**Data extract:**
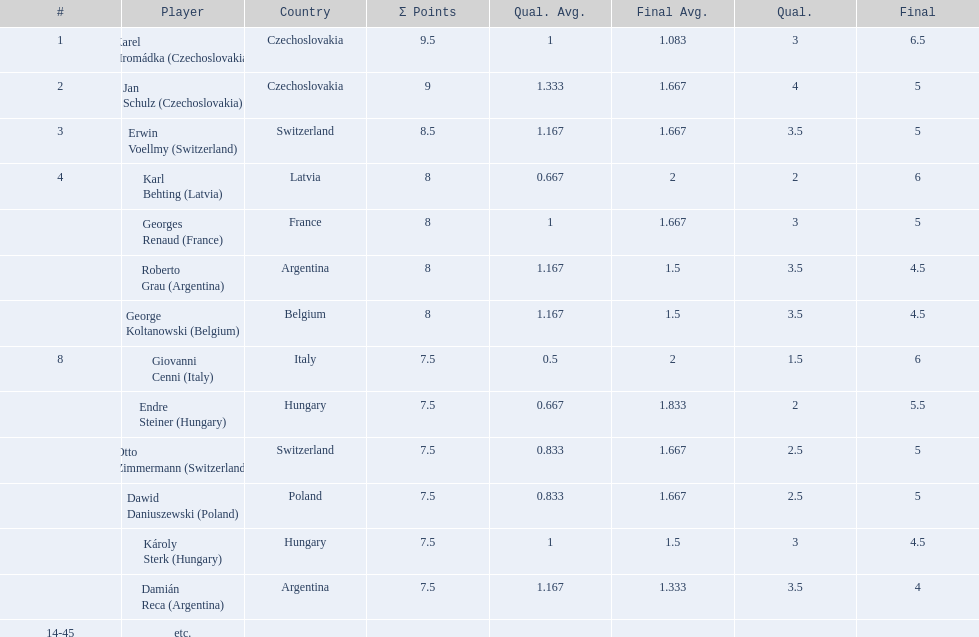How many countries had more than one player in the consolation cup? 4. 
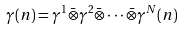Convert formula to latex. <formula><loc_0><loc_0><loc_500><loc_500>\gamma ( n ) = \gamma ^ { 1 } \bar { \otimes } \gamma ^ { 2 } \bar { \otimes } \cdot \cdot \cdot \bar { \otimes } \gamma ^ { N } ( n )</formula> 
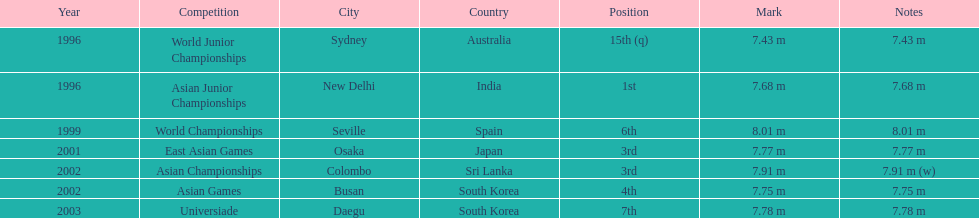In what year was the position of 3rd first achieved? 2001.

--

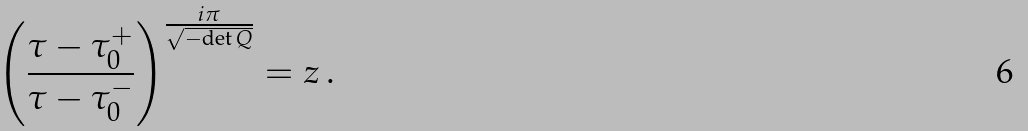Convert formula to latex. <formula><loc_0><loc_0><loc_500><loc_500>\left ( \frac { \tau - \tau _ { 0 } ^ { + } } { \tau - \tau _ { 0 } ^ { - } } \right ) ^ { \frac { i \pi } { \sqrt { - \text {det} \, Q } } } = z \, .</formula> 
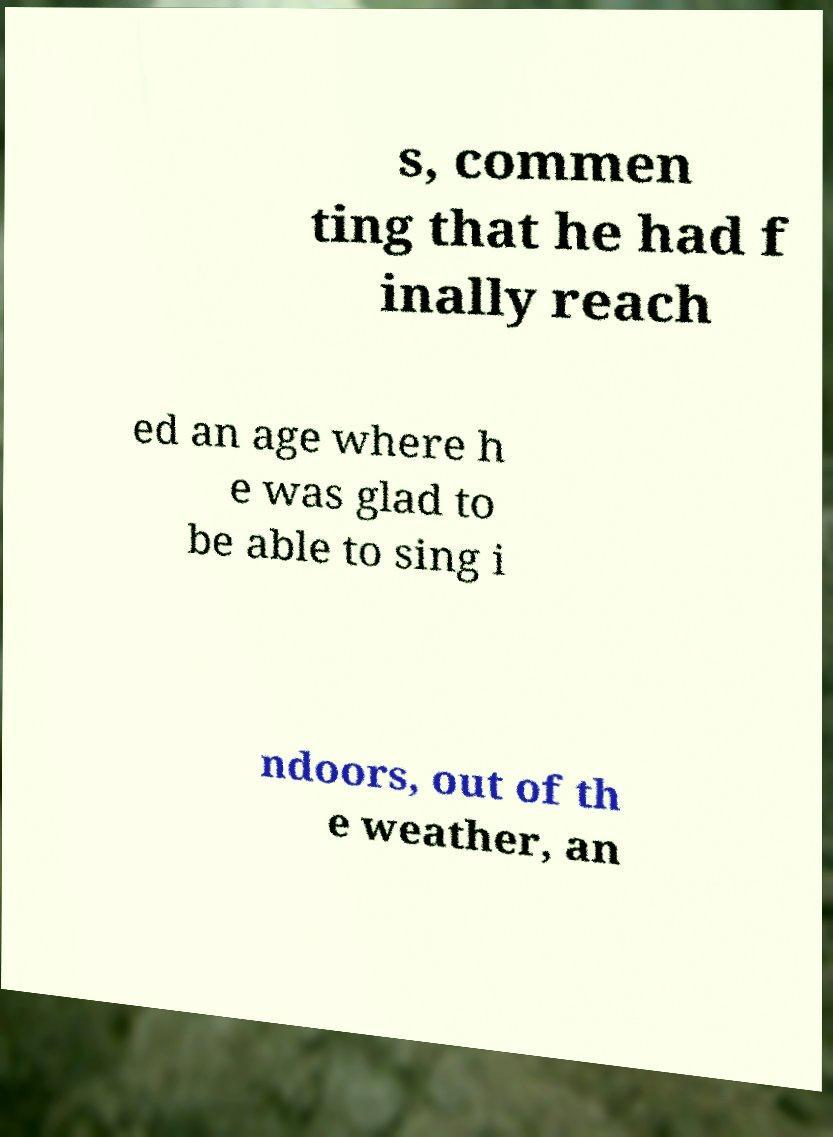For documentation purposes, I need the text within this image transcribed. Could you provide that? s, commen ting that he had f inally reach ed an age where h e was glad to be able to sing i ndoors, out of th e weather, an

**What the exercise asks:** For this exercise, set down the lines in the entries above from the one with "z \, .</formula>" through the one with "For documentation purposes, I" exactly as written, without any pictures.

**Solution for this exercise:**
Convert formula to latex. <formula><loc_0><loc_0><loc_500><loc_500>\left ( \frac { \tau - \tau _ { 0 } ^ { + } } { \tau - \tau _ { 0 } ^ { - } } \right ) ^ { \frac { i \pi } { \sqrt { - \text {det} \, Q } } } = z \, .</formula> 
For documentation purposes, I need the text within this image transcribed. Could you provide that? s, commen ting that he had f inally reach ed an age where h e was glad to be able to sing i ndoors, out of th e weather, an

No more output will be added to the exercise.